To be sure, cooperatives may issue debt to outside investors, paying interest on the debt, which would indeed be a case of ‘labour hiring capital’. Furthermore, in post-Communist Yugoslavia, workers in self-managed enterprises did not own the capital of those enterprises, but rather rented it from (that is, paid interest on it to) the state. The workers received only wages as remuneration, but these wages were really a form of dividend as they were set by workers themselves according to the firm’s anticipated net earnings (akin to profits). This was also a case of labour hiring capital, with the capital owned by the government rather than by capitalists. However, a complication arises when cooperatives issue non-voting equity to investors – although the investors do not enjoy control rights, they do enjoy residual claims; so, although they do not hire labour, they nevertheless part-own the firm. And, of course, if those investors do enjoy voting rights, then the firm is no longer a cooperative in a strict sense but has rather ‘degenerated’ into some sort of hybrid between a cooperative and a capitalist firm, such as Spain’s sociedades laborales, which are at least 51% owned/controlled by their workers. In that case, it is impossible to say who is hiring whom! In fact, both capital-owners and worker-owners are hiring labour, the latter from themselves.

The question posed in the title presents even more surprising answers. A consumer cooperative, for example, can in fact be considered a variation of a capitalist firm, because the member-owners, who pay a membership fee and receive dividends (for example in the form of coupons), hire labour from employees. Conversely, you could say that a ‘classical firm’, in which the capitalist-owner also manages, is a variation of cooperative enterprise – as in a cooperative, a set of worker-capitalists are hiring their own labour, this time in the form of management (a particular kind of labour). One apparent difference between a cooperative and a classical firm is that the labour of non-owners is hired along with that of the owner; but as I mentioned earlier, this also occurs in many (hybrid) cooperatives! A partnership, moreover, would appear to be even less distinct from a cooperative. So really these archetypal firms are best conceived on a spectrum.

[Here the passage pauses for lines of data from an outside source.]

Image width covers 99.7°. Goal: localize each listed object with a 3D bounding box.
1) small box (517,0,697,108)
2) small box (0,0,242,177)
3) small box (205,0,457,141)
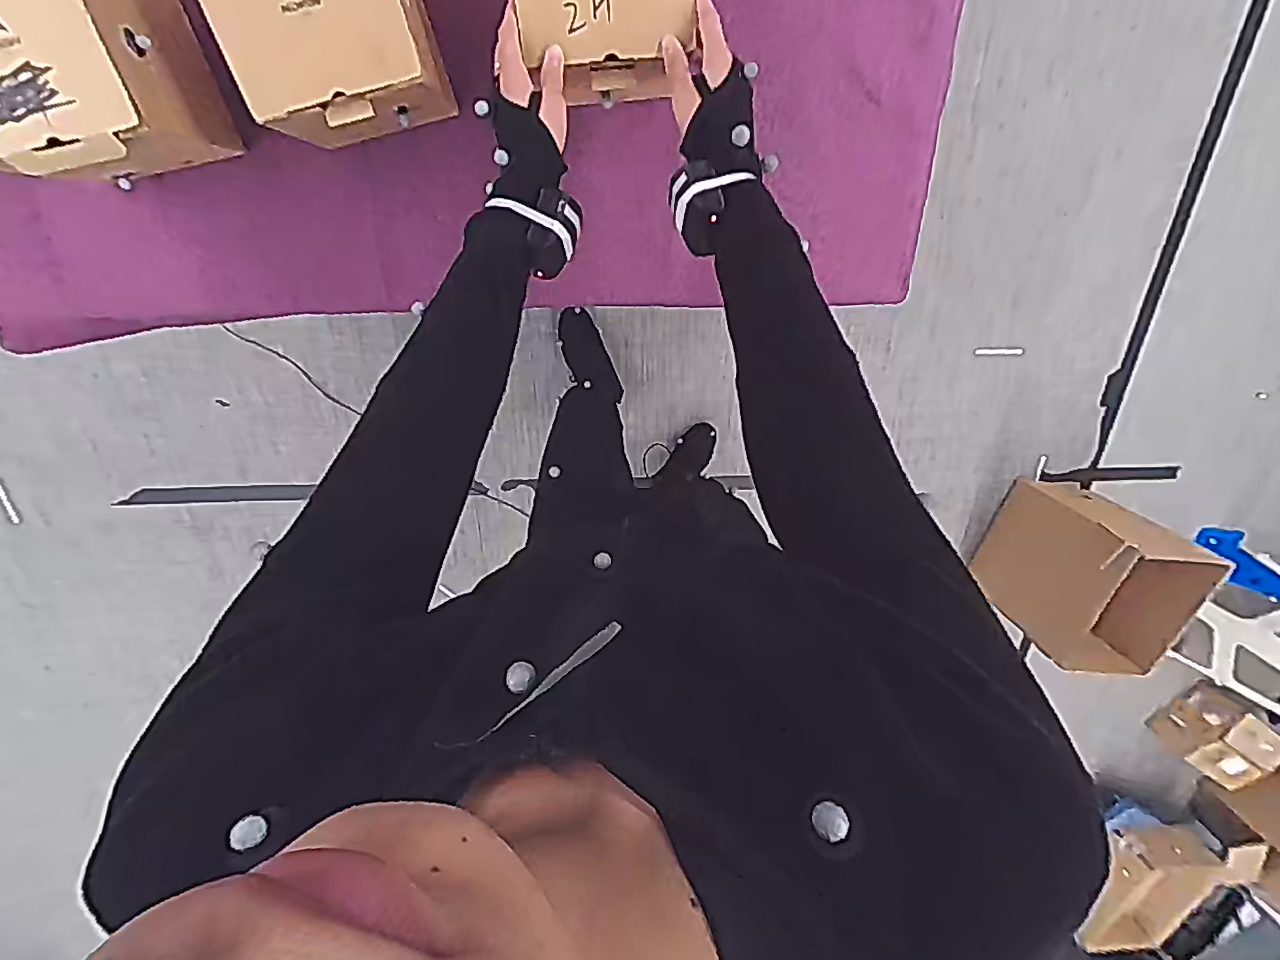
[{"bbox_3d":[-0.041,-0.505,0.549,0.168,0.176,0.179,-7,115,-3],"label":"small box"},{"bbox_3d":[-0.549,-0.413,0.533,0.168,0.176,0.179,-13,114,-1],"label":"small box"},{"bbox_3d":[-0.303,-0.461,0.542,0.168,0.176,0.179,-15,114,0],"label":"small box"}]
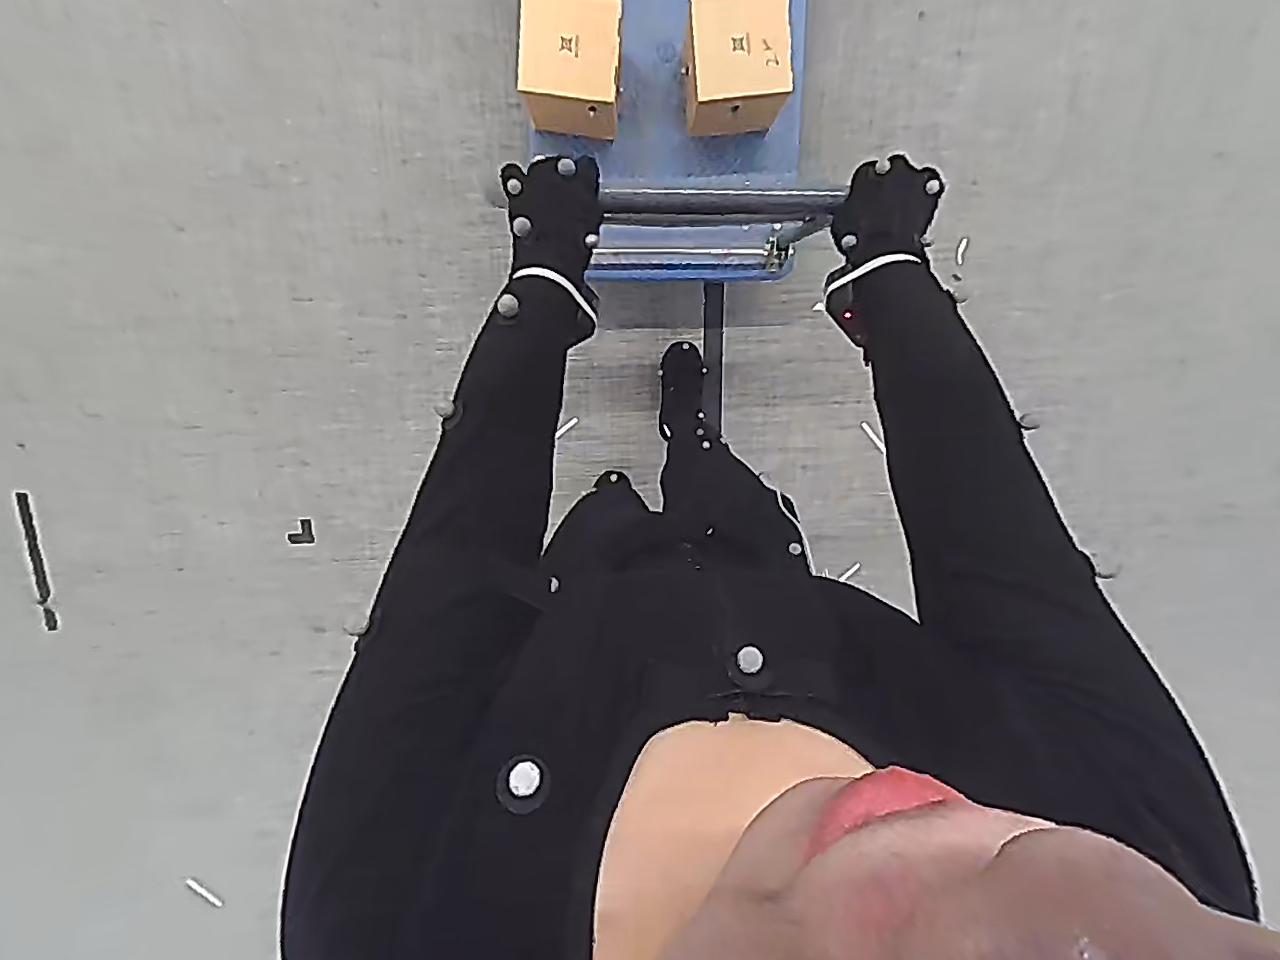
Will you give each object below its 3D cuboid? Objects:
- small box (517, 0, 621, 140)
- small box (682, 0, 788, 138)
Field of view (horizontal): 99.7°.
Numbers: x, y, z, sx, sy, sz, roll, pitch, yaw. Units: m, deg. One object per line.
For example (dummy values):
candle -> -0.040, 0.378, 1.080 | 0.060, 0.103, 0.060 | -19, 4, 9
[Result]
small box -> -0.131, -0.779, 1.036 | 0.179, 0.176, 0.168 | 4, 102, -4
small box -> 0.176, -0.786, 1.044 | 0.179, 0.176, 0.168 | -6, 103, 0

Another interesting case is that of the Mondragón group of cooperatives and those that have mimicked it. In Mondragón, workers receive wages that are connected to net earnings and so are similar to dividends. At the same time, they own ‘internal capital accounts’, which are essentially savings accounts within the firm that accrue interest over time. This system represents the inverse of a conventional cooperative: whereas in the latter, it is as if worker-capitalists own/control the firm and hire labour from themselves, in the former it is as if workers own and control the firm in their capacity as labourers, and instead hire capital from themselves!